5. Impact on LLM Continued Pretraining

Continued pretraining of LLaMA-2 7B on the full ClassiCC-PT corpus (Curió-7B) versus the 10B-token educational/STEM subset (Curió-Edu-7B) reveals that semantic filtering yields superior data efficiency and end-task performance. Curió-Edu-7B surpasses 32 NPM (Normalized Perplexity Metric) after $5\times 10^9$ tokens, whereas the full-corpus model requires nearly $80\times 10^9$ tokens to reach the same level. Peak NPM is 36.3 for Curió-Edu-7B, compared to 34.5 for the unfiltered baseline, demonstrating that targeted semantic selection can outweigh sheer corpus size for domain-adapted LLMs, even when pretraining from a minimal Portuguese base (Almeida et al., 14 Dec 2025).
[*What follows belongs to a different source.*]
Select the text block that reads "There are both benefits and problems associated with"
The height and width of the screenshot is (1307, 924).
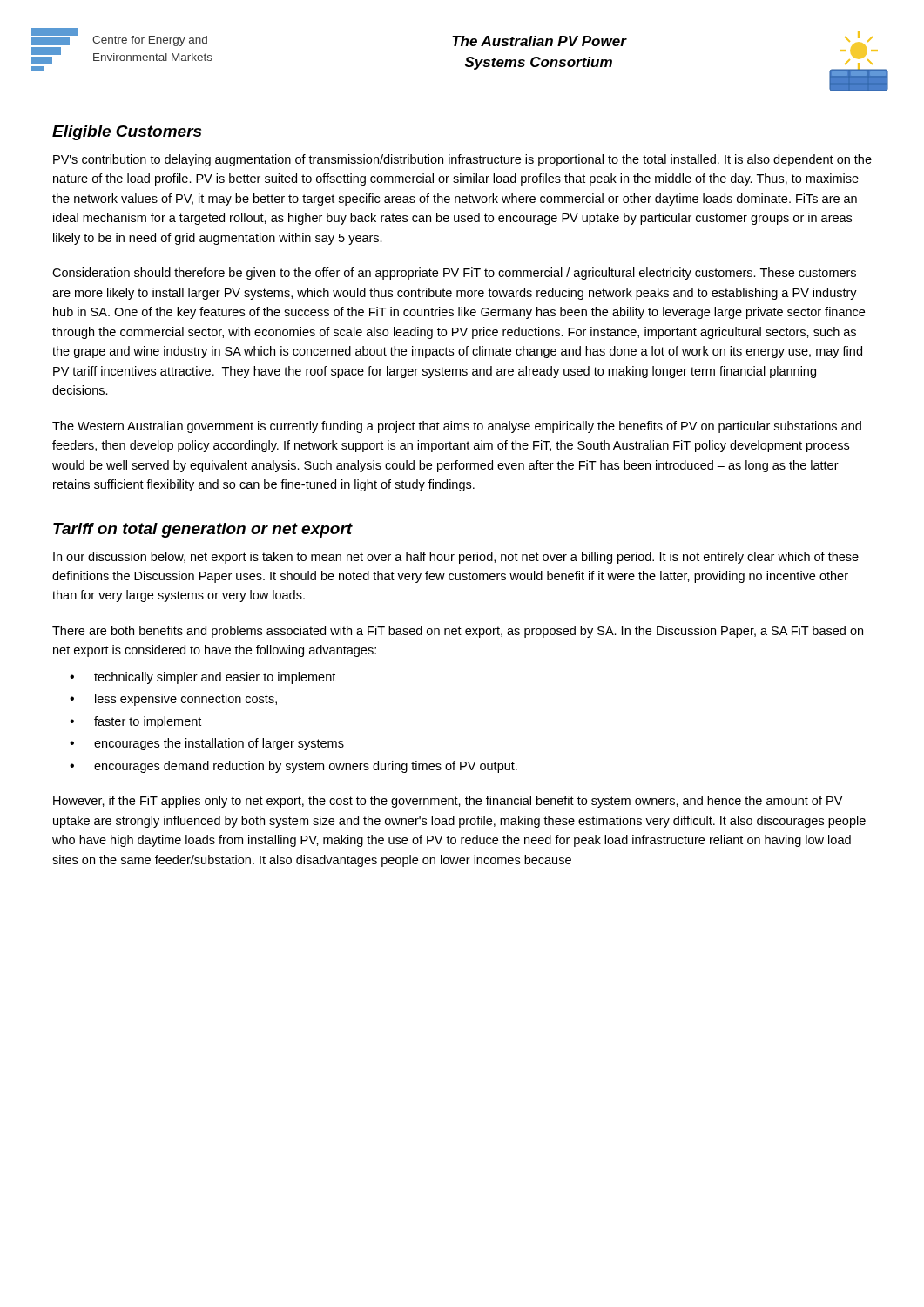pyautogui.click(x=458, y=641)

6. Relation to Dialogue and Affective Modeling

While the mainline ClassiCC-PT corpus is focused on general and domain-specific continued pretraining, it is important to distinguish the “positively transitioned sentiment dialogue corpus” of the same name (Wang et al., 2022). This resource comprises 67,205 multi-turn Twitter dialogues (302,475 utterances) labeled for explicit transitions from negative or neutral to positive sentiment. constructed to augment open-domain chatbot models with the ability to recognize and actively steer affective state transitions in conversation. Dialogue labeling is achieved by the intersection (“voting” scheme) of BERT-based sentiment prediction (trained on Google Play Store App reviews) and a 1,008-entry emoji-to-sentiment mapping. Cohen’s $\kappa\approx 0.75$ on a held-out sample demonstrates substantial reliability. This dialogue corpus is integral for affective model fine-tuning, as evidenced by improved metrics in emotion-affective chatbot benchmarks (Wang et al., 2022).

7. Availability and Use Cases

ClassiCC-PT and its domain-labeled subsets are publicly released resources suitable for a broad range of NLP tasks, including but not limited to: LLM continued pretraining for Portuguese, educational content generation, STEM question answering, and affective dialog modeling. Pretrained models such as Curió-7B and Curió-Edu-7B are accessible at dedicated repositories.

A plausible implication is that the combination of large-scale, domain-filtered, and semantically labeled language resources embodied by ClassiCC-PT establishes new best practices for resource construction in underrepresented languages and specialized application domains (Almeida et al., 14 Dec 2025, Wang et al., 2022).